Thread: algebraically find arcsine?

hi, this might be a simple problem but I can not figure it out and my textbook does not describe how to algebraically find arcsine or any arc function.

its says arcsin(-1/2) = sin(-pi/6) the angle whose sine is -1/2.

but it does not describe how to algebraically go from arcsin to sin(-pi/6)

can someone show how to do this? i dont want to use the calculator!@#

thanks

Originally Posted by skoker

hi, this might be a simple problem but I can not figure it out and my textbook does not describe how to algebraically find arcsine or any arc function.

its says arcsin(-1/2) = sin(-pi/6) the angle whose sine is -1/2.

but it does not describe how to algebraically go from arcsin to sin(-pi/6)

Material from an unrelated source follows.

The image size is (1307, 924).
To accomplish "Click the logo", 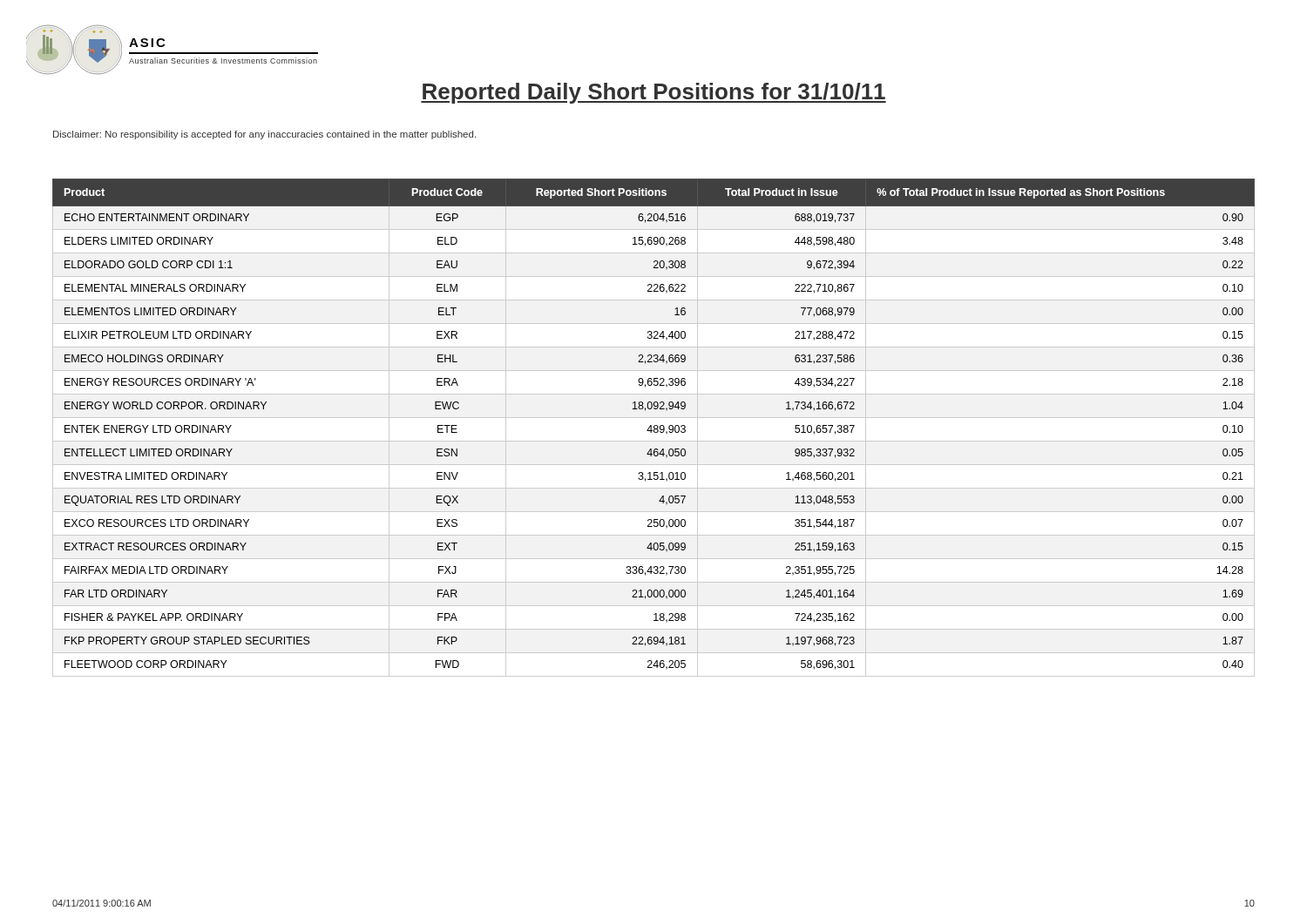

can someone show how to do this? i dont want to use the calculator!@#

thanks

arcsin(-1/2) = -pi/6, not arcsin(-1/2) = sin(-pi/6). You are expected to know sin and cos of 'special angles' in the first quadrant and then, using thses angles as 'reference angles' and using the symmetry of the unit circle, to be able to calculate the sin and cos of 'special angles' in the other quadrants.

In this case, you are expected to know that sin(pi/6) = 1/2.

thanks!

is this the general way to find these exact angles? just remember all the angles. seems a bit shabby.

Some students don't understand the meaning of inverse trigonometrical functions, i.e: Arcsin(x)...

Like to the function f(x)=x^2 has an inverse function which is g(x)=sqrt(x)... so to the function S(x)=sin(x) has it inverse function,which is a(x)=arcsin(x).

(Of course not to all function has inverse function, but I leave it...)

Originally Posted by skoker

thanks!

is this the general way to find these exact angles? just remember all the angles. seems a bit shabby.

There is a recent thread in this subforum that answers this question. Personally, I suggest you memorise them.

ok, I will look for the thread thanks guys.